В харчевне играл баян и было дымно под низким сводом. За столами сидели геологи, заготовители, охотники, рабочие. Летягин и Галя выбрали стол у открытого окна — за окном была коновязь, до лошадей можно рукой дотянуться. Кто-то из шоферов все время нетерпеливо сигналил, вызывая засидевшихся в харчевне пассажиров.

Шумно было в харчевне. Рабочие обсуждали нехорошую новость, на баяниста махали руками, чтобы перестал играть, особенно выделялся злобный голос Афоньки и какого-то пьяного рабочего в спецовке.

— Топайте отсюда, пока не поздно. Заработков не будет, — приговаривал Афоня.

— Да перестань! Надоела твоя музыка! — крикнул баянисту рабочий в спецовке.

Дорджа, который брал стакан у буфетной стойки, услышал, как разговаривают за столами.

— Работы консервируют.

— Консервируют… Ему-то что. Он свой оклад получит.

Дорджа подошел к своим.

— Что такое? Вас очень ругают, — сказал он Летягину.

Иван Егорыч молча кивнул головой.

— Ага. Давайте за лошадей выпьем? Они выносливые… У вас в Монголии бывают лошадиные праздники? — Он налил в стакан Дордже. — А у нас когда-то бывали. Вот нынче день святых Фрола и Лавра. В старые времена в поле крестьянские работы кончались. За лошадей пили… Пей, Дорджа.

— Баярал-лы. Не хочется, — вдруг по-монгольски отказался Дорджа.

— Надо пить не когда хочется, а когда на столе стоит.

Душевное волнение Летягина как-то его молодило — он был озорной сегодня, на себя не похожий.

Галя понимала, что творится в душе Ивана Егорыча, следила за ним исподлобья. Она кормила свою лошадь хлебом, била по лбу Чубчика, который потянулся губами к цветам на подоконнике.

— Кто мог остановить работы? Зачем? — настойчиво допрашивал Дорджа.

— Трудный вопрос. Ты по-русски плохо знаешь, а то бы я тебе разъяснил.

— Вы попробуйте. Я выпил для ясности. Я пойму.

— Видишь ли, чтобы понять один поступок, иногда нужно брать в расчет целую жизнь.

Снова послышались голоса:

— Тоже еще старый инженер!

— Удумал штуку…

Летягин прислушался.

— Я, братцы, в других странах побывал, дурак там имеет узкое применение! — крикнул Афонька.

Злой смех покрыл его слова.

Галя посмотрела на Летягина.

Он молча слушал.

— Куды там! Общество там, может, и глупое, не спорю. Зато дурак безвреднее!

— Понимаешь, что я хочу сказать? Всю жизнь направляешь работы, — с видимым спокойствием заговорил Иван Егорыч. — В логах и оврагах, в трясинах, на кочках в болоте. Видишь, как люди вслед за тобой рубят просеку в лесу. Отсыпают земляное полотно. Борются с водой. Самое плохое — это когда стоят. Но ты видишь, как люди сами ищут дело, рвутся вперед. И ты живешь заодно с ними… Понимаешь?

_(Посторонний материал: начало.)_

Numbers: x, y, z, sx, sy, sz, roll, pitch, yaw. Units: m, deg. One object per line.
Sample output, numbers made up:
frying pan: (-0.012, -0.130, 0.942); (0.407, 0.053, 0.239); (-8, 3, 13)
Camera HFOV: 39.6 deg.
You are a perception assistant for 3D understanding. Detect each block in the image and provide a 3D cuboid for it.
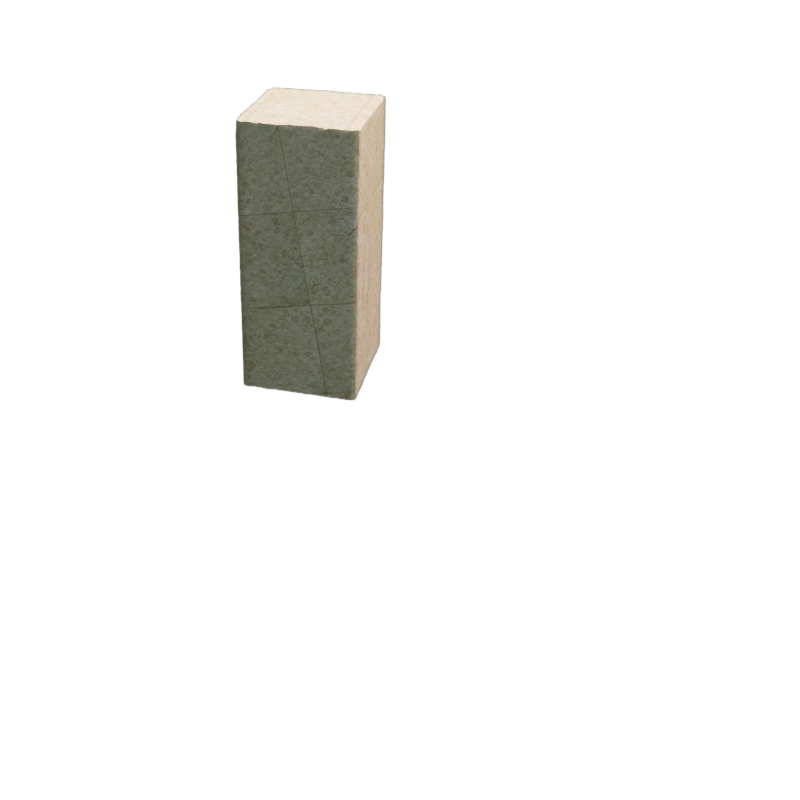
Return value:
block: (-0.064, -0.117, 0.816); (0.092, 0.195, 0.094); (7, 27, 10)
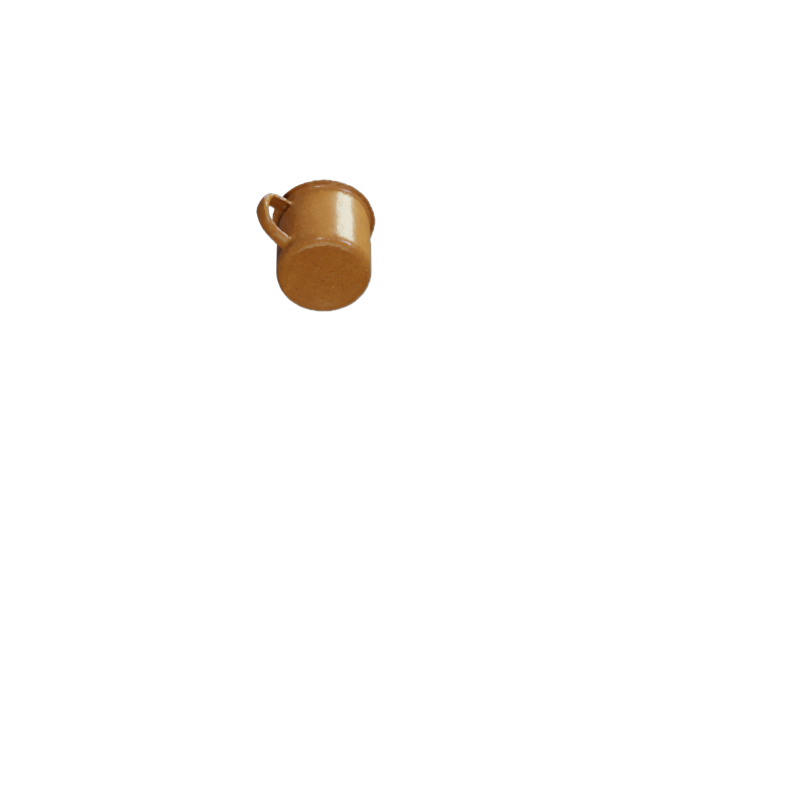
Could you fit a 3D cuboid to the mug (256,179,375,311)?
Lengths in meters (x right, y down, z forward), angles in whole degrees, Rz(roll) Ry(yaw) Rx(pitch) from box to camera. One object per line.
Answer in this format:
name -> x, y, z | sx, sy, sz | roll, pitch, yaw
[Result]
mug -> -0.075, -0.137, 0.962 | 0.111, 0.087, 0.092 | 34, -58, -27

— Понимаю, — Дорджа выпил до дна.

— И вы понимаете? — спросил Иван Егорыч девушку.

— За что люблю этот край — хлеб тут крупно режут, — с улыбкой ответила Галя, но, может быть, и слезы были в ее глазах, она прижала буханку к груди и нареза́ла ломти, точь-в-точь как Прасковья Саввишна.

Летягин выпил и продолжал свой рассказ:

— И вот однажды говоришь всему этому — стоп! Прервать работы. Прервать работы?.. Да, на этот раз оказалось необходимым. Другого выхода не вижу… Но это очень трудно, ребята. Это случается раз в жизни. Это хуже лавины…

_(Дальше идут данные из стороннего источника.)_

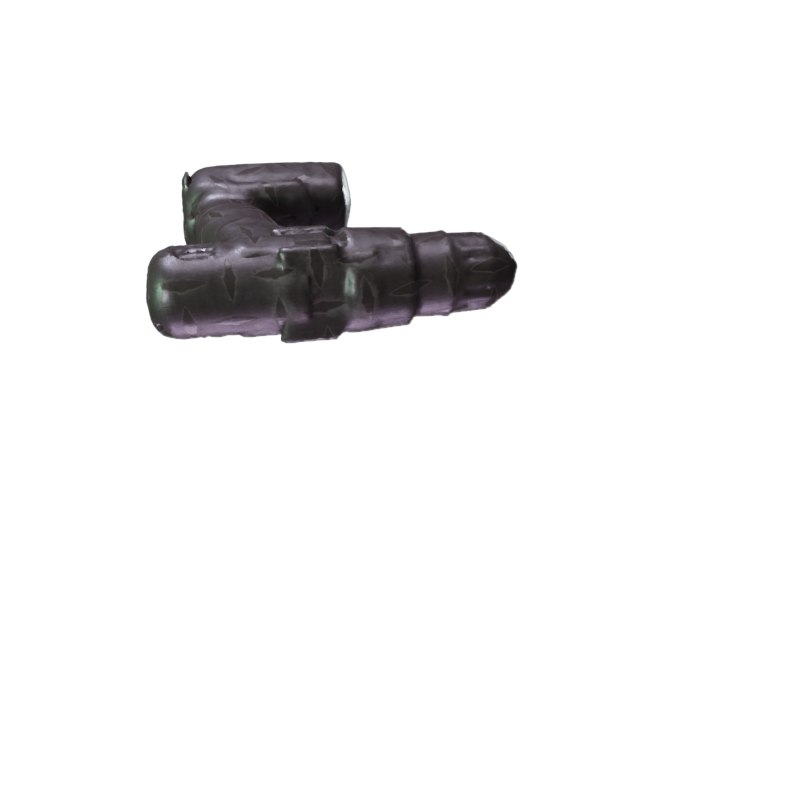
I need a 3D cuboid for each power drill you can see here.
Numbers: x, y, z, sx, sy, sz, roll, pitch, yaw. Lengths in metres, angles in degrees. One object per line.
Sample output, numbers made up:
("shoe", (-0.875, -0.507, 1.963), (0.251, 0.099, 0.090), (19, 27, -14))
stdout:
("power drill", (-0.048, -0.088, 0.613), (0.182, 0.055, 0.198), (-4, 22, -10))
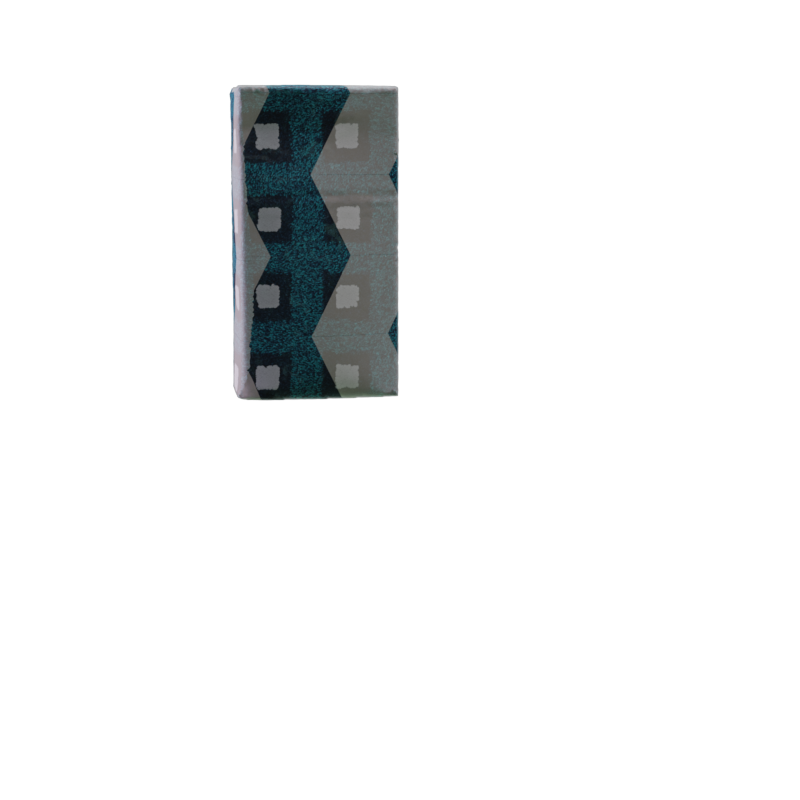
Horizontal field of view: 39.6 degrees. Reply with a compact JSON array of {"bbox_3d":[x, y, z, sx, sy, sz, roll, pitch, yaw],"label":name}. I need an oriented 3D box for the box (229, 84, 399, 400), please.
[{"bbox_3d":[-0.049,-0.090,0.632,0.092,0.175,0.049,-1,3,-12],"label":"box"}]
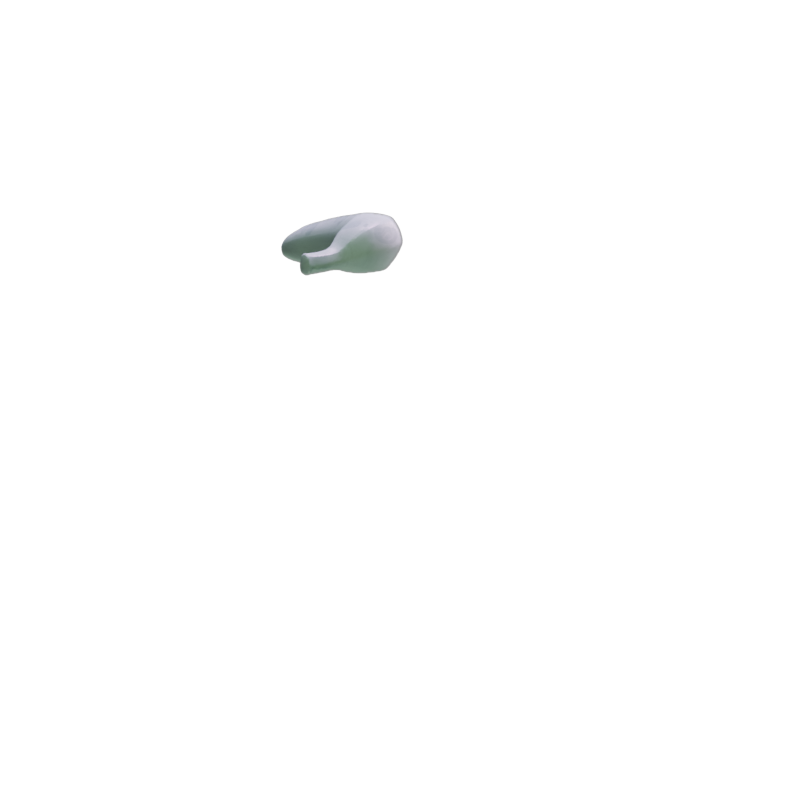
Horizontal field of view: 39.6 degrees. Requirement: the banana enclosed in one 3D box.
[{"bbox_3d":[-0.037,-0.102,0.715,0.069,0.036,0.202,-1,8,-8],"label":"banana"}]

Он выпил в одиночку и вслушался в шум голосов. Теперь его узнали, он понимал. К нему подошли от соседних столов.

— Это он и есть, — говорил Афоня.

— Не Летягин, часом?

— Он самый, — подтвердил Летягин.

— Нехорошо поступаете…

— Своевольно!

— Мы ведь тоже сюда не за длинным рублем пожаловали…

— Дайте прикурить, — сказал Летягин, вставая. — Мы тут с лавиной малость дров наломали. Приедет комиссия — разберется. А без получки рабочий класс не останется. — Он заметил, что Дорджа берет счет у официантки. — Погоди, Дорджа, дай мне расплатиться. Я нынче богач — сколько миллионов рублей сберег. Не каждый день случается.

И, положив деньги, быстро вышел из харчевни.